**Task requirements**:
A word-for-word copy of the lines below, starting at the line with "Task: Find the" and ending at the last one, is what you should give. Omit every picture.

**Records for this task**:
------
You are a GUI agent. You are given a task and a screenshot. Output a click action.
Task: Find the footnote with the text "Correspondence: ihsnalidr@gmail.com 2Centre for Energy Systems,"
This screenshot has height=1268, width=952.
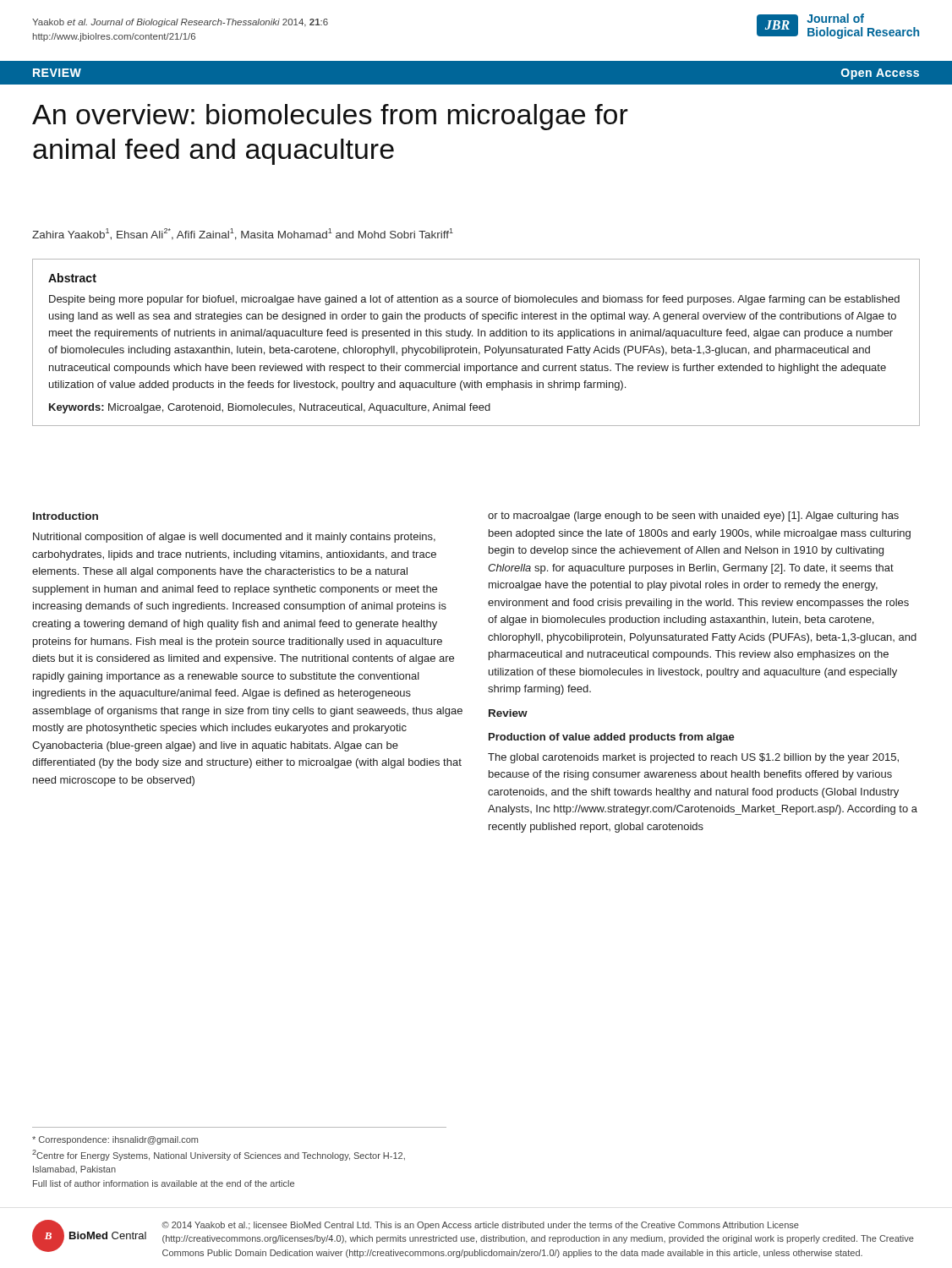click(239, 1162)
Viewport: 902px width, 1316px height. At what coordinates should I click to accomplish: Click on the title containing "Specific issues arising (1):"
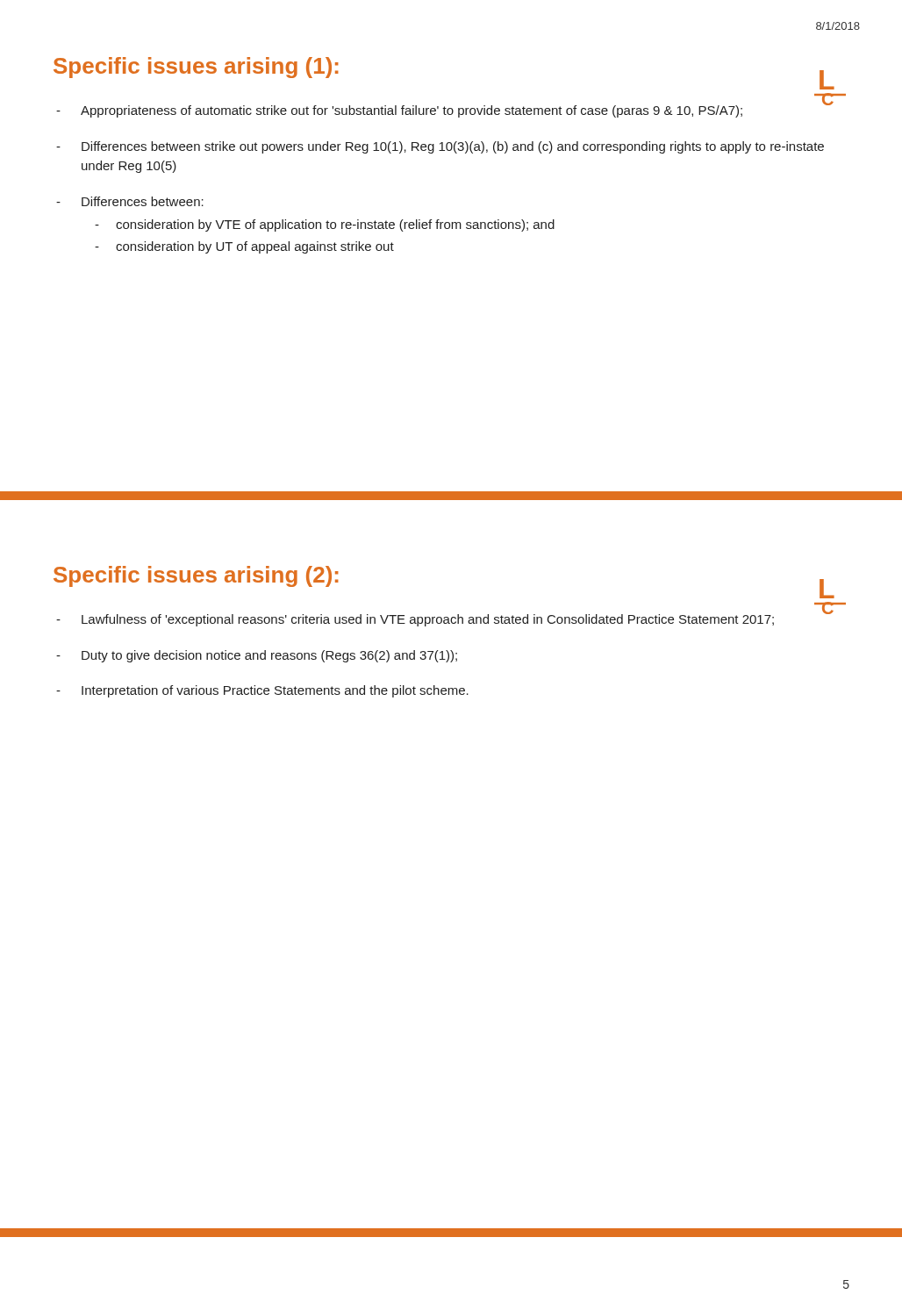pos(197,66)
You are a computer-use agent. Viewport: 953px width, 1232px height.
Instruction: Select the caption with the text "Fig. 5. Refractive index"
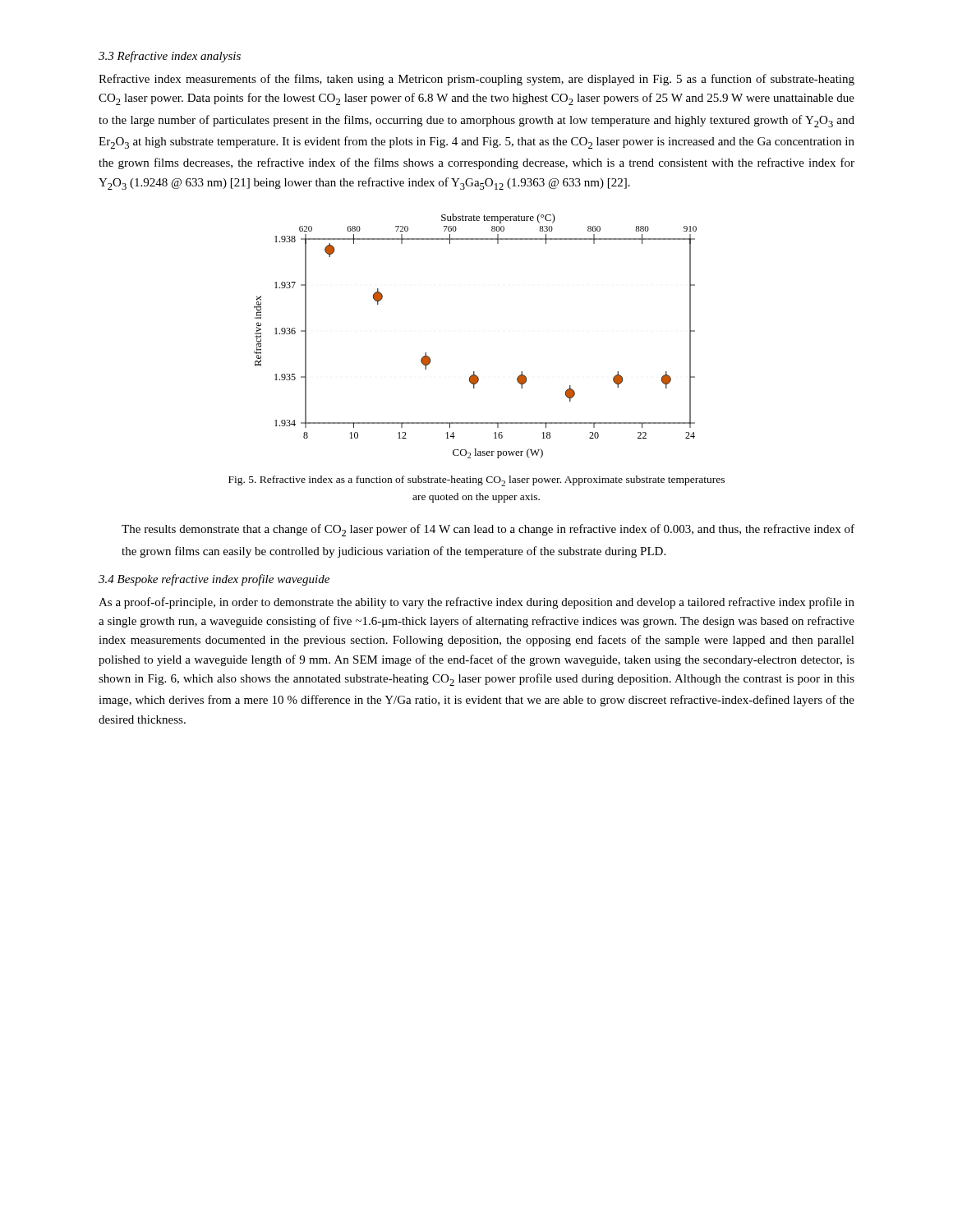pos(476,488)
------
**Worked solution**:
Task: Find the footnote with the text "Correspondence: ihsnalidr@gmail.com 2Centre for Energy Systems,"
This screenshot has height=1268, width=952.
click(239, 1162)
Viewport: 902px width, 1316px height. At what coordinates should I click to accomplish: Click on the title containing "Specific issues arising (1):"
pos(197,66)
You are a computer-use agent. Viewport: 953px width, 1232px height.
Instruction: Select the caption with the text "Fig. 5. Refractive index"
pos(476,488)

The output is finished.